WHAT YOU SHOULD DO | Give each line of the records again exactly and omit every picture.
(DATA FOR REVIEW)
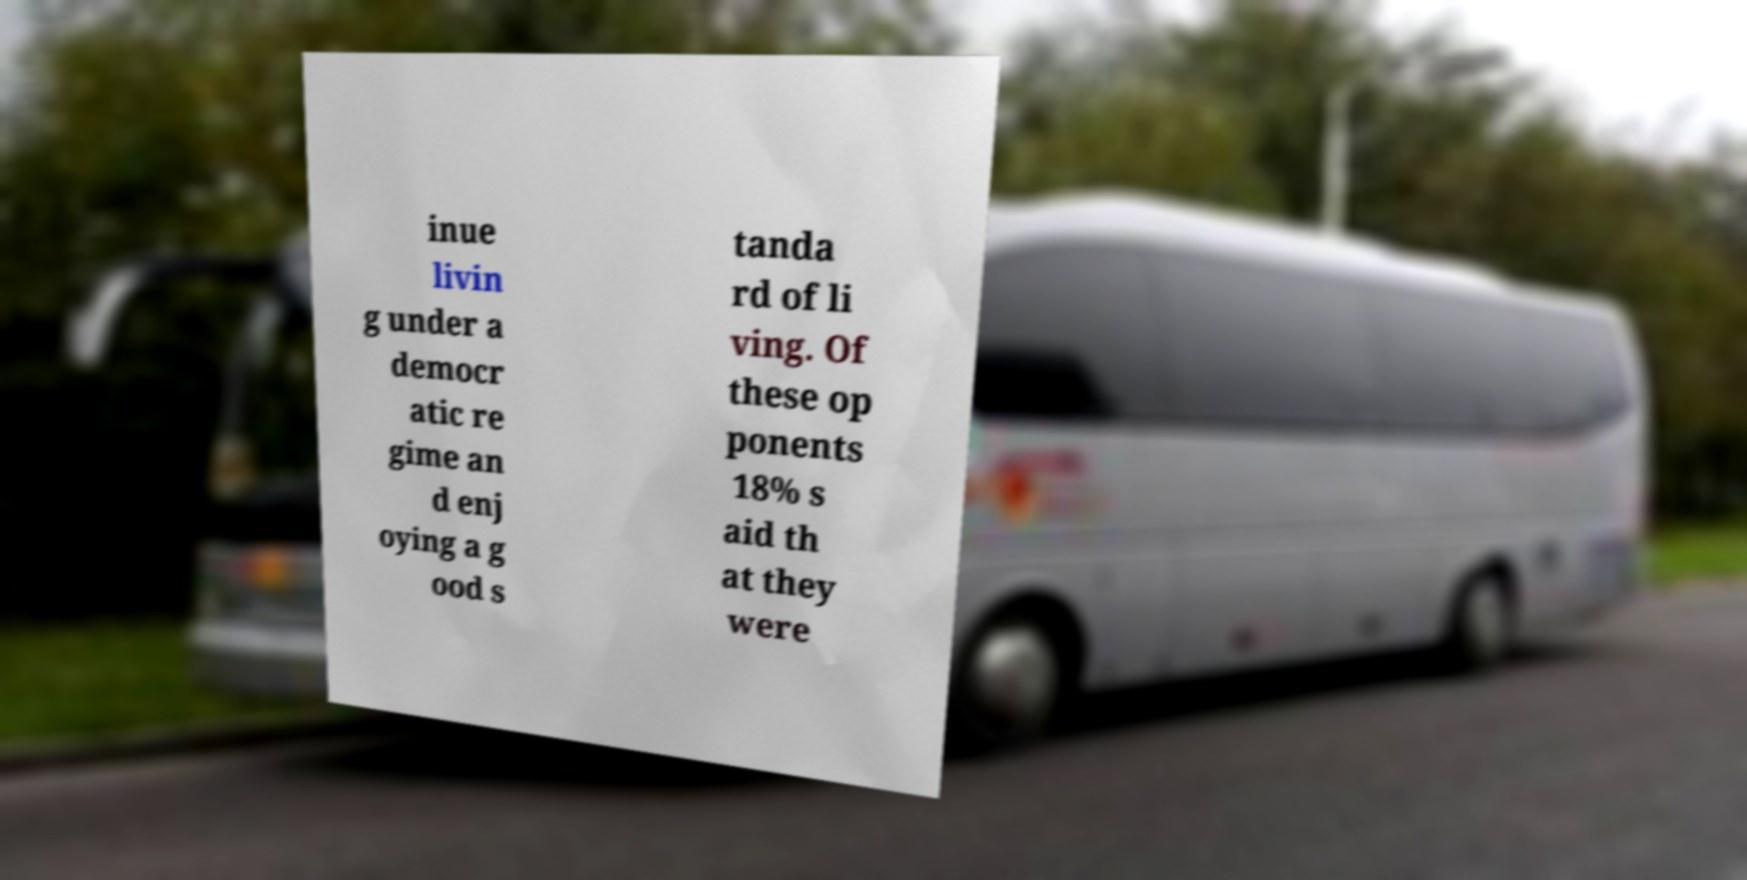Could you assist in decoding the text presented in this image and type it out clearly? inue livin g under a democr atic re gime an d enj oying a g ood s tanda rd of li ving. Of these op ponents 18% s aid th at they were 
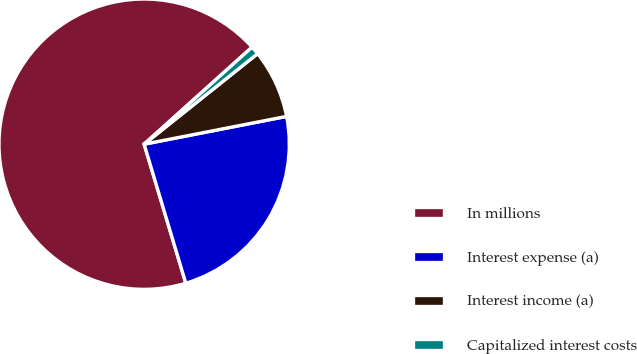Convert chart to OTSL. <chart><loc_0><loc_0><loc_500><loc_500><pie_chart><fcel>In millions<fcel>Interest expense (a)<fcel>Interest income (a)<fcel>Capitalized interest costs<nl><fcel>67.97%<fcel>23.43%<fcel>7.65%<fcel>0.94%<nl></chart> 
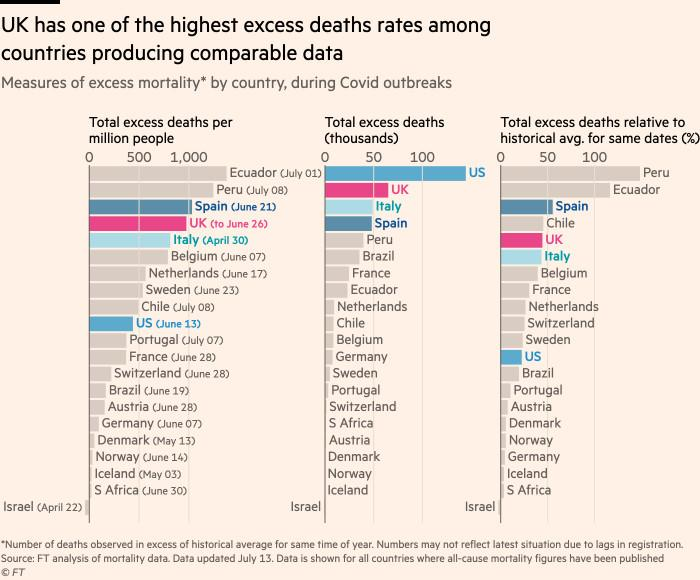Give some essential details in this illustration. The United States surpassed the United Kingdom in terms of total excess deaths, with a higher number of deaths in both countries. According to recent rankings, Ecuador is found to have the highest number of total excess deaths per million people. 
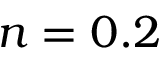<formula> <loc_0><loc_0><loc_500><loc_500>n = 0 . 2</formula> 
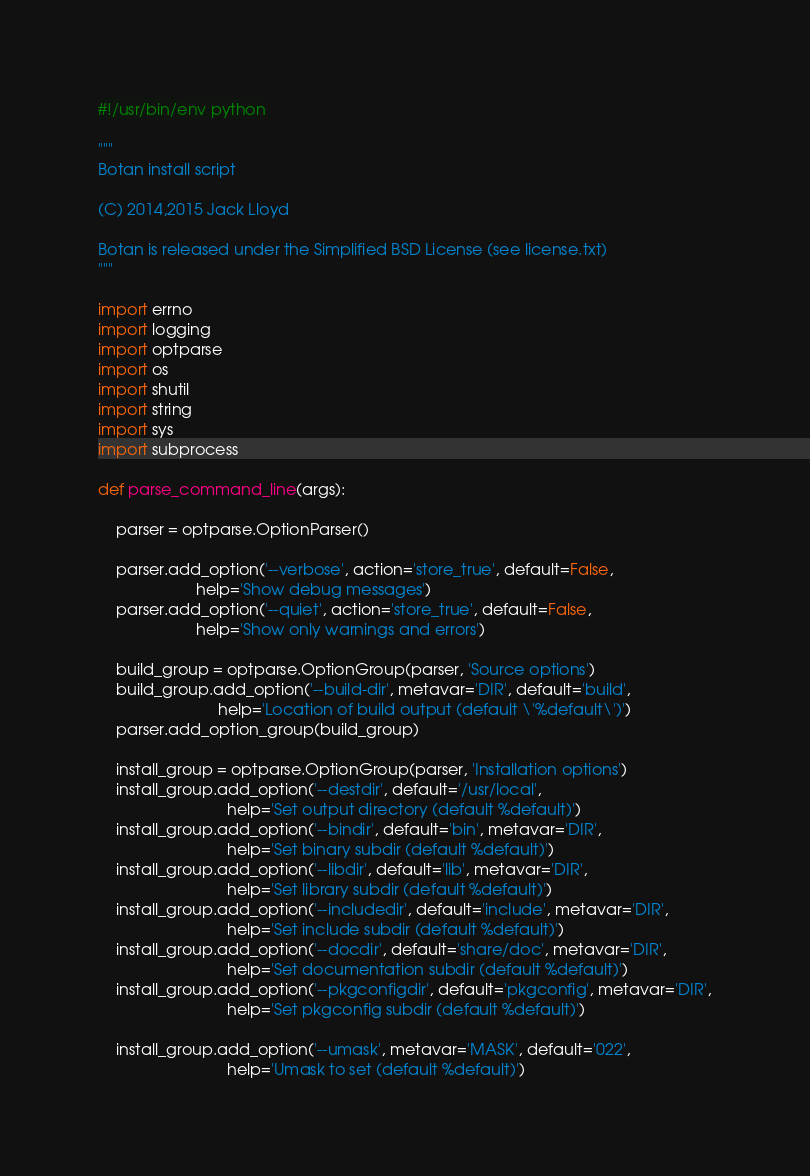<code> <loc_0><loc_0><loc_500><loc_500><_Python_>#!/usr/bin/env python

"""
Botan install script

(C) 2014,2015 Jack Lloyd

Botan is released under the Simplified BSD License (see license.txt)
"""

import errno
import logging
import optparse
import os
import shutil
import string
import sys
import subprocess

def parse_command_line(args):

    parser = optparse.OptionParser()

    parser.add_option('--verbose', action='store_true', default=False,
                      help='Show debug messages')
    parser.add_option('--quiet', action='store_true', default=False,
                      help='Show only warnings and errors')

    build_group = optparse.OptionGroup(parser, 'Source options')
    build_group.add_option('--build-dir', metavar='DIR', default='build',
                           help='Location of build output (default \'%default\')')
    parser.add_option_group(build_group)

    install_group = optparse.OptionGroup(parser, 'Installation options')
    install_group.add_option('--destdir', default='/usr/local',
                             help='Set output directory (default %default)')
    install_group.add_option('--bindir', default='bin', metavar='DIR',
                             help='Set binary subdir (default %default)')
    install_group.add_option('--libdir', default='lib', metavar='DIR',
                             help='Set library subdir (default %default)')
    install_group.add_option('--includedir', default='include', metavar='DIR',
                             help='Set include subdir (default %default)')
    install_group.add_option('--docdir', default='share/doc', metavar='DIR',
                             help='Set documentation subdir (default %default)')
    install_group.add_option('--pkgconfigdir', default='pkgconfig', metavar='DIR',
                             help='Set pkgconfig subdir (default %default)')

    install_group.add_option('--umask', metavar='MASK', default='022',
                             help='Umask to set (default %default)')</code> 
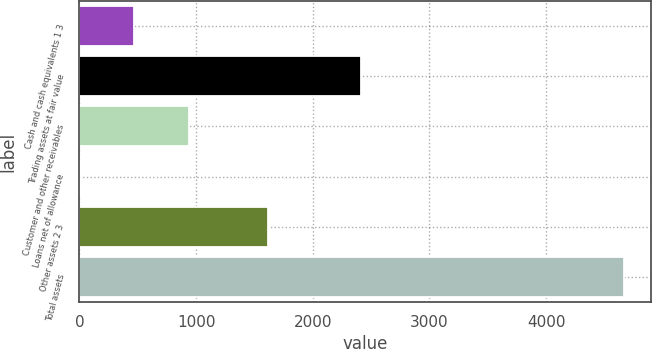Convert chart. <chart><loc_0><loc_0><loc_500><loc_500><bar_chart><fcel>Cash and cash equivalents 1 3<fcel>Trading assets at fair value<fcel>Customer and other receivables<fcel>Loans net of allowance<fcel>Other assets 2 3<fcel>Total assets<nl><fcel>471<fcel>2410<fcel>937<fcel>5<fcel>1614<fcel>4665<nl></chart> 
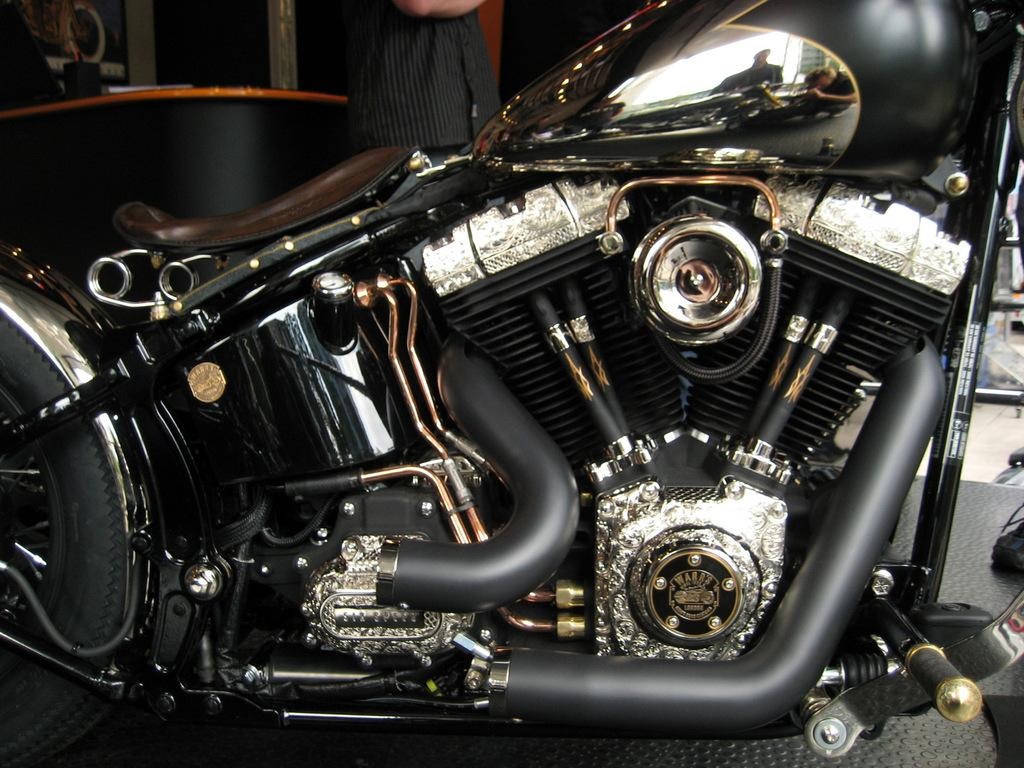What is the main object in the foreground of the image? There is a bike in the foreground of the image. Can you describe the background of the image? There is a man in the background of the image. What flavor of ice cream is the man eating in the image? There is no ice cream present in the image, and the man is not eating anything. 
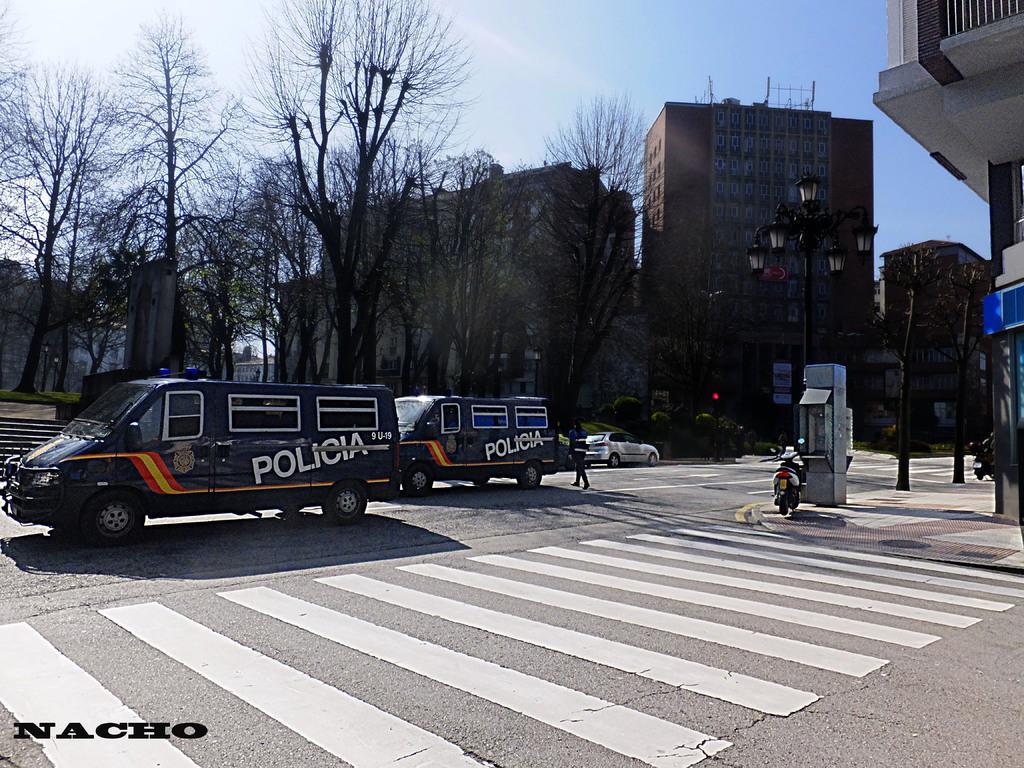In one or two sentences, can you explain what this image depicts? In this image we can see vehicles and a person on the road. In the background of the image, we can see trees, buildings and stairs. At the top of the image, there is the sky. On the right side of the image, we can see pavement, building, bike and one box like structure. 
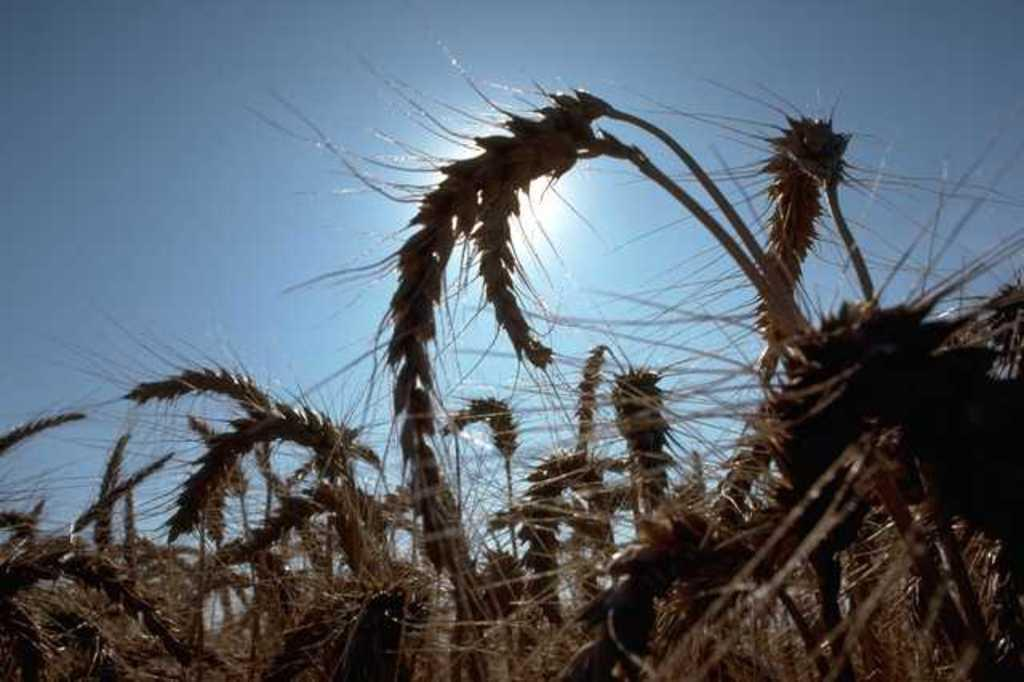What type of living organisms can be seen in the image? Plants can be seen in the image. What celestial body is visible in the image? The sun is visible in the image. What type of appliance can be seen in the image? There is no appliance present in the image. Can you describe the bird that is flying in the image? There is no bird present in the image. 
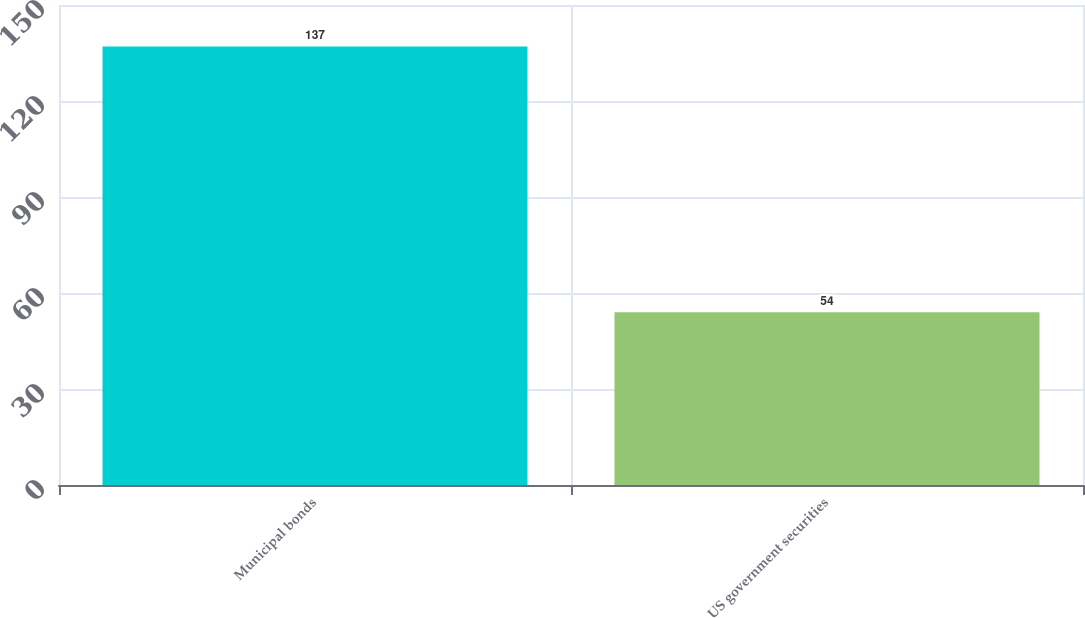<chart> <loc_0><loc_0><loc_500><loc_500><bar_chart><fcel>Municipal bonds<fcel>US government securities<nl><fcel>137<fcel>54<nl></chart> 
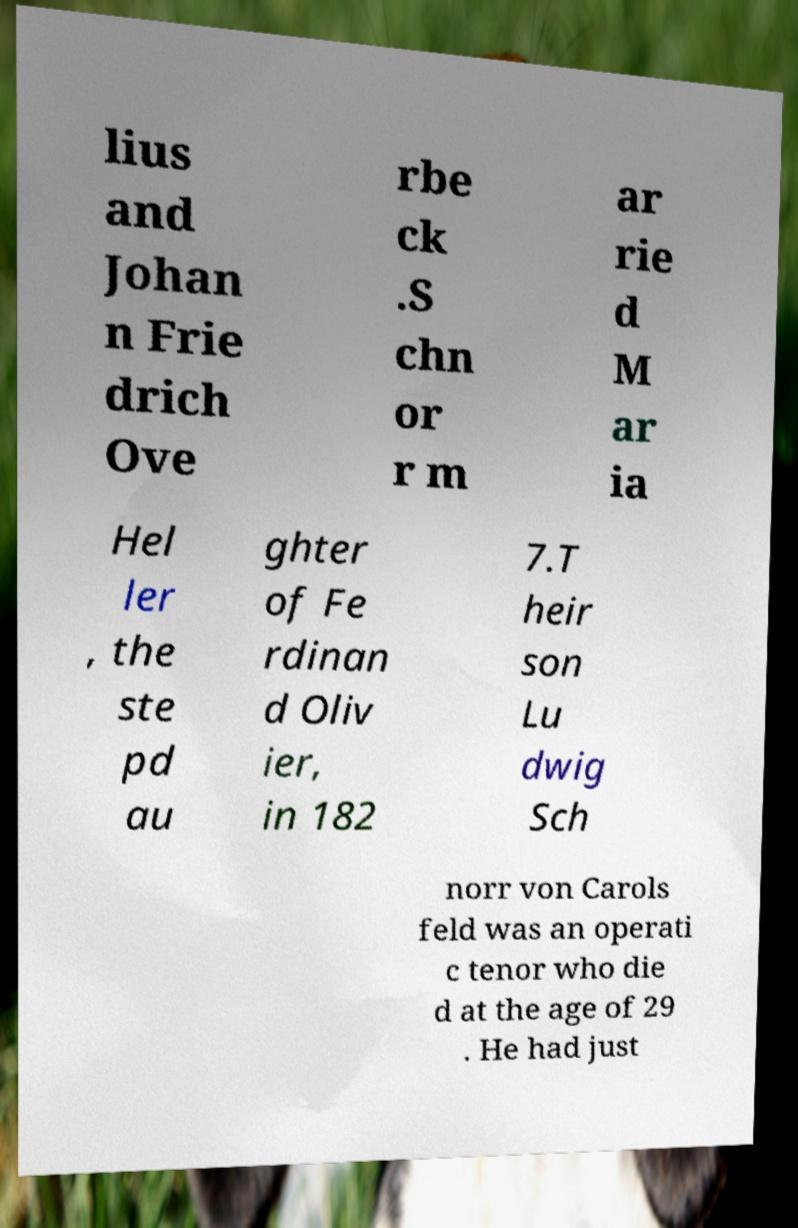Can you read and provide the text displayed in the image?This photo seems to have some interesting text. Can you extract and type it out for me? lius and Johan n Frie drich Ove rbe ck .S chn or r m ar rie d M ar ia Hel ler , the ste pd au ghter of Fe rdinan d Oliv ier, in 182 7.T heir son Lu dwig Sch norr von Carols feld was an operati c tenor who die d at the age of 29 . He had just
(End DATA FOR REVIEW)
ANSWER FOR THE TASK |
Could you assist in decoding the text presented in this image and type it out clearly? inue livin g under a democr atic re gime an d enj oying a g ood s tanda rd of li ving. Of these op ponents 18% s aid th at they were 
Convert chart to OTSL. <chart><loc_0><loc_0><loc_500><loc_500><pie_chart><fcel>In millions<fcel>Interest expense (a)<fcel>Interest income (a)<fcel>Capitalized interest costs<nl><fcel>67.97%<fcel>23.43%<fcel>7.65%<fcel>0.94%<nl></chart> 
Give some essential details in this illustration. The United States surpassed the United Kingdom in terms of total excess deaths, with a higher number of deaths in both countries. According to recent rankings, Ecuador is found to have the highest number of total excess deaths per million people. 
<formula> <loc_0><loc_0><loc_500><loc_500>n = 0 . 2</formula> 
<code> <loc_0><loc_0><loc_500><loc_500><_Python_>#!/usr/bin/env python

"""
Botan install script

(C) 2014,2015 Jack Lloyd

Botan is released under the Simplified BSD License (see license.txt)
"""

import errno
import logging
import optparse
import os
import shutil
import string
import sys
import subprocess

def parse_command_line(args):

    parser = optparse.OptionParser()

    parser.add_option('--verbose', action='store_true', default=False,
                      help='Show debug messages')
    parser.add_option('--quiet', action='store_true', default=False,
                      help='Show only warnings and errors')

    build_group = optparse.OptionGroup(parser, 'Source options')
    build_group.add_option('--build-dir', metavar='DIR', default='build',
                           help='Location of build output (default \'%default\')')
    parser.add_option_group(build_group)

    install_group = optparse.OptionGroup(parser, 'Installation options')
    install_group.add_option('--destdir', default='/usr/local',
                             help='Set output directory (default %default)')
    install_group.add_option('--bindir', default='bin', metavar='DIR',
                             help='Set binary subdir (default %default)')
    install_group.add_option('--libdir', default='lib', metavar='DIR',
                             help='Set library subdir (default %default)')
    install_group.add_option('--includedir', default='include', metavar='DIR',
                             help='Set include subdir (default %default)')
    install_group.add_option('--docdir', default='share/doc', metavar='DIR',
                             help='Set documentation subdir (default %default)')
    install_group.add_option('--pkgconfigdir', default='pkgconfig', metavar='DIR',
                             help='Set pkgconfig subdir (default %default)')

    install_group.add_option('--umask', metavar='MASK', default='022',
                             help='Umask to set (default %default)')</code> 
Convert chart. <chart><loc_0><loc_0><loc_500><loc_500><bar_chart><fcel>Cash and cash equivalents 1 3<fcel>Trading assets at fair value<fcel>Customer and other receivables<fcel>Loans net of allowance<fcel>Other assets 2 3<fcel>Total assets<nl><fcel>471<fcel>2410<fcel>937<fcel>5<fcel>1614<fcel>4665<nl></chart> 
What is the main object in the foreground of the image? There is a bike in the foreground of the image. Can you describe the background of the image? There is a man in the background of the image. What flavor of ice cream is the man eating in the image? There is no ice cream present in the image, and the man is not eating anything. 
In one or two sentences, can you explain what this image depicts? In this image we can see vehicles and a person on the road. In the background of the image, we can see trees, buildings and stairs. At the top of the image, there is the sky. On the right side of the image, we can see pavement, building, bike and one box like structure. 
What type of living organisms can be seen in the image? Plants can be seen in the image. What celestial body is visible in the image? The sun is visible in the image. What type of appliance can be seen in the image? There is no appliance present in the image. Can you describe the bird that is flying in the image? There is no bird present in the image. 
<chart> <loc_0><loc_0><loc_500><loc_500><bar_chart><fcel>Municipal bonds<fcel>US government securities<nl><fcel>137<fcel>54<nl></chart> 
Can you read and provide the text displayed in the image?This photo seems to have some interesting text. Can you extract and type it out for me? lius and Johan n Frie drich Ove rbe ck .S chn or r m ar rie d M ar ia Hel ler , the ste pd au ghter of Fe rdinan d Oliv ier, in 182 7.T heir son Lu dwig Sch norr von Carols feld was an operati c tenor who die d at the age of 29 . He had just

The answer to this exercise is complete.